それを見て、鈴は一人納得した。やはりこの三人は、鈴を見ていたのだろう。おそらく、他の人の命令で。


「私がさっき、髪紐を落としてしまったらしくて。それをお三方が拾って下さったのです」


「そう、ならいいや。お掃除頑張ってね」


「はい」


沖田の姿が見えなくなると、三人は安心したように肩を下ろした。


「悪ぃな嬢ちゃん、助かったよ」


「あぁ、あのままだと俺達、沖田君か土方に相当怒られてたぜ」


「本当ありがとな。俺、藤堂平助って言うんだ」


小柄の男は藤堂と言うらしい。がっしりとした体型の男は原田左之助、もう一人は永倉新八と名乗った。


「鈴です。この前から、此処で女中として働かせて頂いています」


「おお、お鈴ちゃんか。な、結構顔とか褒められるだろ?」


「馬鹿、左之、こんだけ神々しい面なら、皆直視出来ねぇだろ」


一人が馬鹿と言うと三人は、「お前も人の事言えねぇだろ」とか、「自分の名前の漢字も書けねぇくせに」とか言って、取っ組み合いを始めた。


(面白い人達だなぁ…)


そう思いながら鈴は、笑みを溢した。世間では荒くれ者と言われる浪士達が、蓋を開けば、ただのお調子者だなんて。

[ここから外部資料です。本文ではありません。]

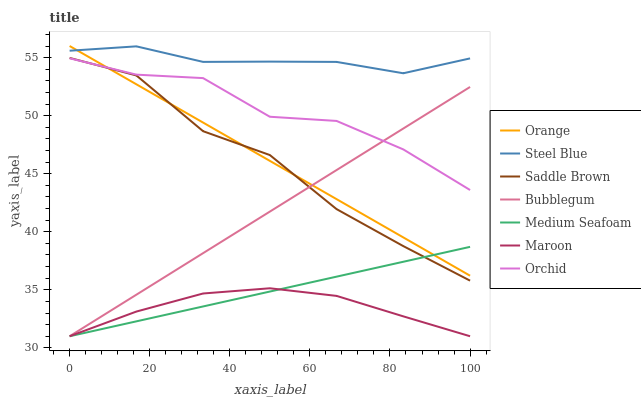Does Maroon have the minimum area under the curve?
Answer yes or no. Yes. Does Steel Blue have the maximum area under the curve?
Answer yes or no. Yes. Does Saddle Brown have the minimum area under the curve?
Answer yes or no. No. Does Saddle Brown have the maximum area under the curve?
Answer yes or no. No. Is Bubblegum the smoothest?
Answer yes or no. Yes. Is Saddle Brown the roughest?
Answer yes or no. Yes. Is Maroon the smoothest?
Answer yes or no. No. Is Maroon the roughest?
Answer yes or no. No. Does Saddle Brown have the lowest value?
Answer yes or no. No. Does Orange have the highest value?
Answer yes or no. Yes. Does Saddle Brown have the highest value?
Answer yes or no. No. Is Maroon less than Orange?
Answer yes or no. Yes. Is Steel Blue greater than Orchid?
Answer yes or no. Yes. Does Orange intersect Bubblegum?
Answer yes or no. Yes. Is Orange less than Bubblegum?
Answer yes or no. No. Is Orange greater than Bubblegum?
Answer yes or no. No. Does Maroon intersect Orange?
Answer yes or no. No. 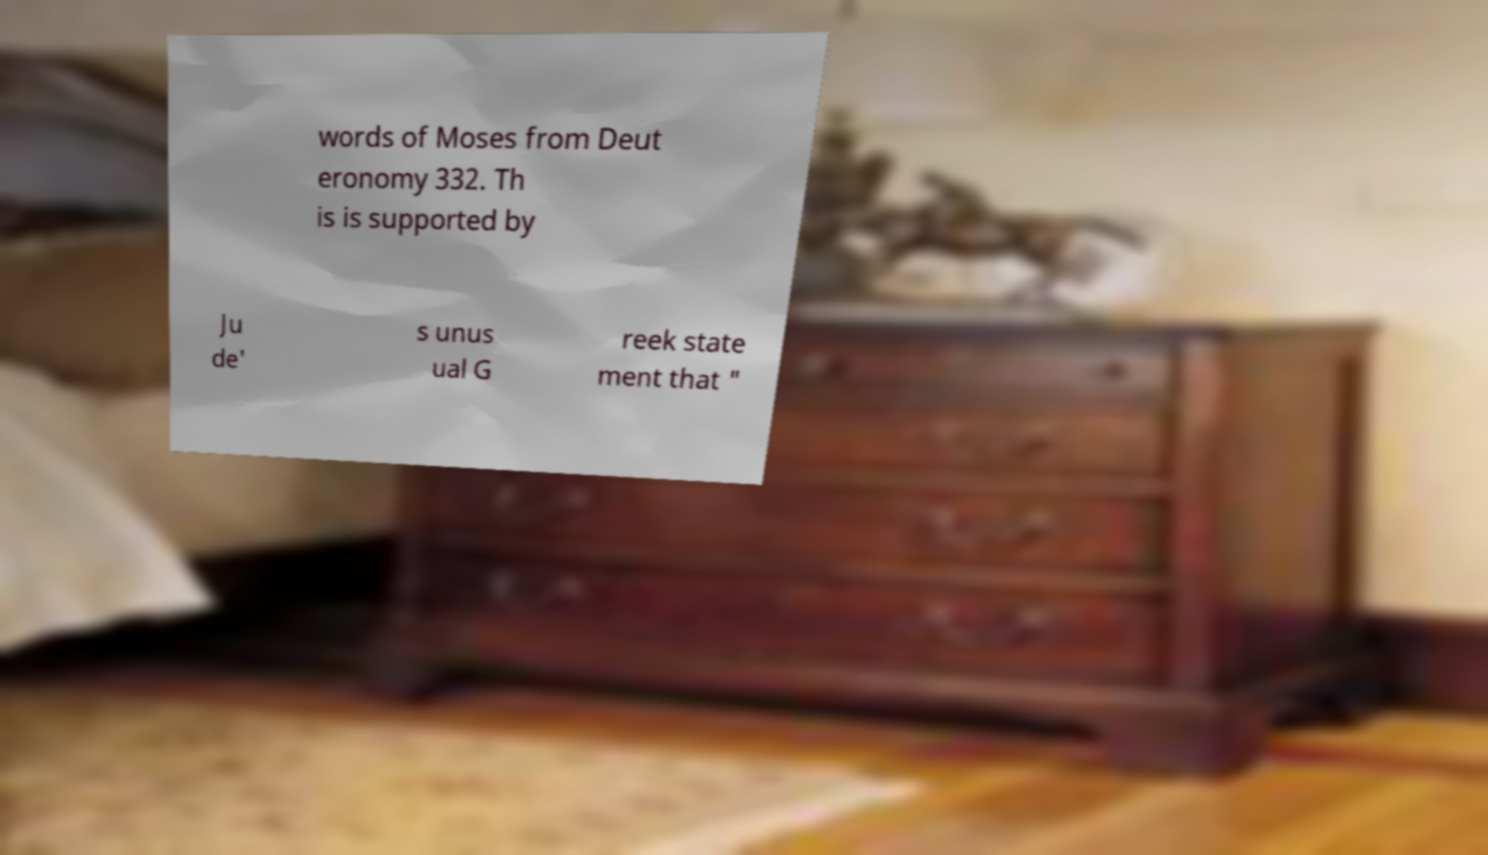Can you accurately transcribe the text from the provided image for me? words of Moses from Deut eronomy 332. Th is is supported by Ju de' s unus ual G reek state ment that "

そんな鈴を見て、なぜか三人は目を輝かせている。一体どうしたのだろう、と鈴が目を向けると、三人が同時に口を開いた。


「「「か、…かわいい!!」」」


「え?」


思いもよらない言葉に、鈴は目を丸くするが、三人は口々に鈴を褒めちぎる。


「いやぁ、美しい顔だとは思っていたが、笑うと年相応に愛らしいなあ!」


「な!花が開いたみてぇだ!」


「もういっぺんやって!」


「え、わ、私はまだお掃除終わってませんのでっ」


「あ、逃げた」


「照れてるのも可愛い!」


「お鈴ちゃーん!!」


いよいよ鬱陶しいくらいになってきた。しかし、鈴もこういう者は嫌いではない。振り返って、口を開こうとした瞬間、思わず半歩後ろに下がった。


「げ…土方!」


()たぁなんだ、()たぁ」


目付きの悪い奴が来た。何度か話した事はあるが、鈴は土方が苦手である。

関わりたくない鈴は、離れた場所を掃除し始める。

憐れみの目を向けつつ、そのまま三人が叱られるのをぼーっと見ているのであった。